In the factors of the screening willingness, we found that in model 1–3, age, marital status, education level, medical insurance type, family income, health status, place of residence and regional economic level had a significant impact on the screening willingness. Compared to the analysis on the factors of the proportion of screening, the type of occupation had no significant impact on the screening willingness. After the experience of CC screening was added in model 4, age, family income, health status, place of residence, regional economic level and CC screening still had a significant impact, but marital status, education level and medical insurance type had no significant impact. There was no significant difference in marital status, education level and medical insurance type after the factors of CC screening were added in model 4. This shows that after participating in CC screening, the respondents may learn more about the relevant knowledge of CC screening and pay more attention to the changes of the body. Therefore, we think it is very important to participate in CC screening for the first time in the future.
Age had a significant impact on the proportion of screening and willingness of CC. Young women, especially those with higher education level and/or higher income level, were likely to pay more attention to their health and had more access to relevant information to increase their knowledge[26]. There were some differences in the factors between the CC proportion of screening and the willingness of CC screening. Type of occupation had a significant impact on CC proportion of screening, but had no significant impact on the willingness of CC screening, people at work were more likely to participate in CC screening, and retiree or people without work were less likely to participate in CC screening. Physical examination is the main way for women to get CC screening, while people without work have few chances to get screening through physical examination by the occupational way. However, our study found that the proportion of screening of working women was only 25.50%, which reminded us that CC screening had not been well included in physical examination, and had a very limited effect on the prevention and control of CC in the population. Especially in small and medium-sized and private enterprises, physical examination belonged to the spontaneous behavior and had a certain market attribute. The specific implementation of physical examination including content, frequency and quality was not optimistic[27, 28]. In addition, the opportunity for retired women to receive CC screening was reduced. In China, the retirement age of women is mainly 55 years old, and they are still in the important age for CC screening[29]. At the same time, they are in the age of high CC mortality rate[30, 31]. Therefore, this part of the population should be considered in future screening.

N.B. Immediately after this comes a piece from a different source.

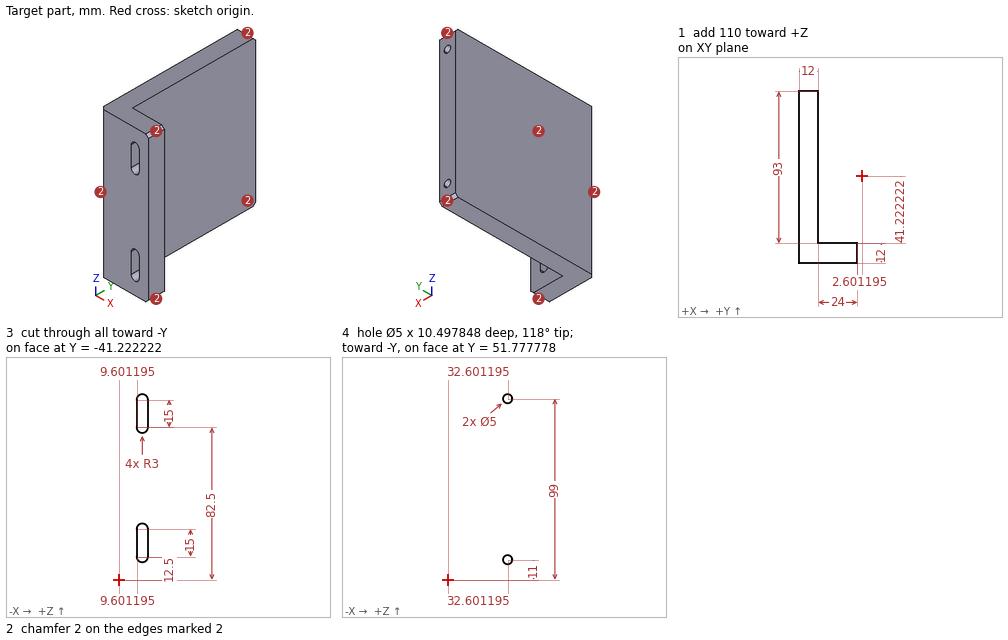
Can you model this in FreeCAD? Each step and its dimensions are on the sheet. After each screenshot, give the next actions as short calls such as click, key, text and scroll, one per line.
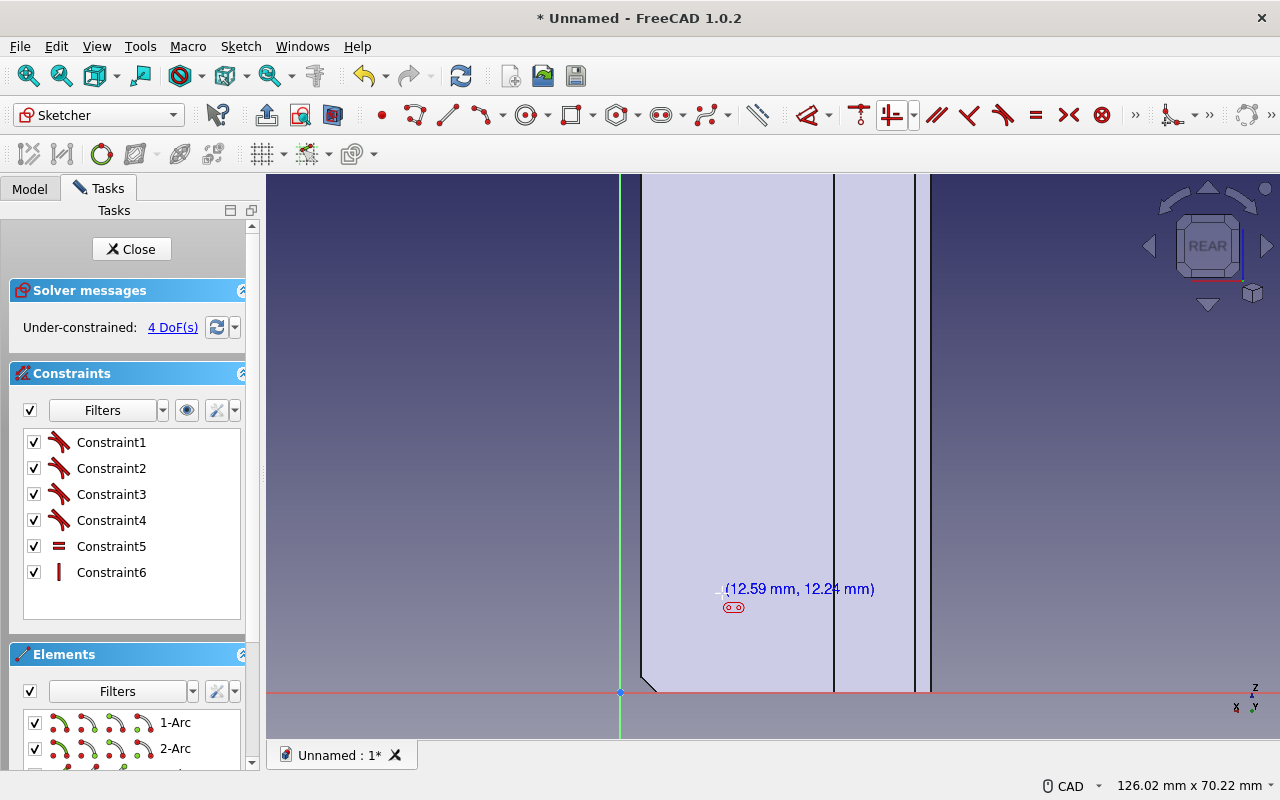
click(722, 592)

Health status has a significant impact on the willingness of CC screening, but has no significant impact on CC screening. The coverage of screening might be still insufficient, and the willing women may not be able to access the screening due to potential barriers.[32, 33] Family income was an important socio-economic factor to promote women’s CC screening, which should be considered in improving the coverage of CC screening in China. The effect of family income on the proportion of screening emphasized that providing free screening services would have a positive significance in improving the current CC proportion of screening in China. At the same time, we should provide affordable and low-cost screening services for more people to accept screening voluntarily.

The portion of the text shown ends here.